Microsoft is preparing to unveil a new browser in Windows 10, codenamed Spartan, and leaked images are providing an early glimpse at the Internet Explorer successor. Chinese site Cnbeta has published screenshots showing the simple interface of Spartan and the Cortana digital assistant integration. The Verge revealed yesterday that Spartan will include digital inking support to share and annotate web pages, and deep Cortana integration in the address bar and throughout the browser.
The shots also show that the desktop side of Windows 10 will have a completely new theme – very flat and Metro. I like it.
I thought the rationale for a new browser was to start afresh… no bloat … instead we read about cortana integration and inking… ?
Colour me puzzled.
“Bloat” as used by microsoft has always meant “bad things” that were new features in previous releases. So each release of their product removes bloat and adds new features, thus allowing them to keep the same marketing material.
To be fair, I think most software developers end up doing this in the corperate world.
I’d really love to just release something with just the “What’s changed Notes”:
Program sucks slightly less than before.
Or
Program protects itself against insane users.
Or
Program no longer desires human flesh.
True, at least they should solve some problems:
“Why I use Firefox”
http://www.qdb.us/52748
[Please, if you are under 18 years of age… do not click on that link, your mental health will be better]
Edited 2015-01-09 23:28 UTC
I don’t it’s all a bit too 1990s a bit RISCOS but not as cool as BeOS. Surely its possible to do 3D without it being tacky?
It sure is!
http://www.tuxradar.com/files/imagemagick-1.png
A modern UI my CGA video adapter can handle!
It is a step up from earlier attempts where a Hercules adapter could do the trick.
I’m excited. I can’t wait ’till it shows up in the Windows 10 previews.
Inking sounds like a really cool feature, and it sounds like they are adding a good tab grouping feature, and if it’s like Firefox’s tab groups, it’ll rock. But, as with the current IE, if it doesn’t have a good support for extensions, it’s a non-starter.

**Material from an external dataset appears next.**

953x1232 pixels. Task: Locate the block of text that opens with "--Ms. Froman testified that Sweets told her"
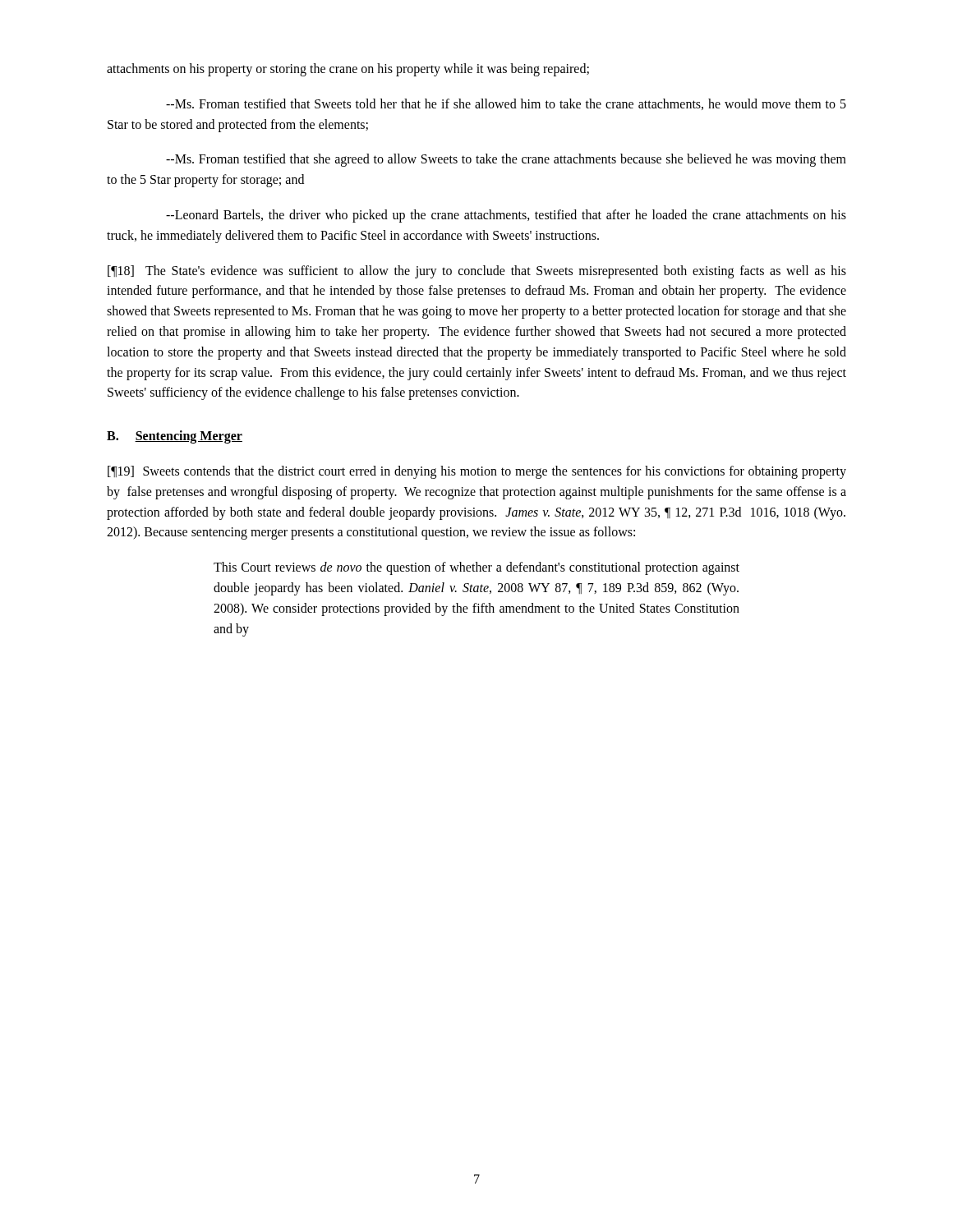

I can’t understate how important extensions and tab grouping are to me. Chrome has extensions that are good-enough for me to use Chrome instead of Firefox, but the complete and utter lack of decent tab management makes Chrome unsuitable as my primary browser.
No Chrome extension I’ve found competes with Firefox’s Tab Groups. Not even close.
Edited 2015-01-10 04:11 UTC
It’s nice and all that MS is at least trying to make an effort to improve on IE’s stagnation, but even if it’s the best browser in the world I just can’t see switching to it if I’m going to be handcuffed to one platform. The ability to have a consistent experience across all my OSes is just too important to overcome short of some miracle or another ill advised game of proprietary feature lockin.
Could they please rewrite the options? That part is now probably 20 years old and is the worst part of the whole browser.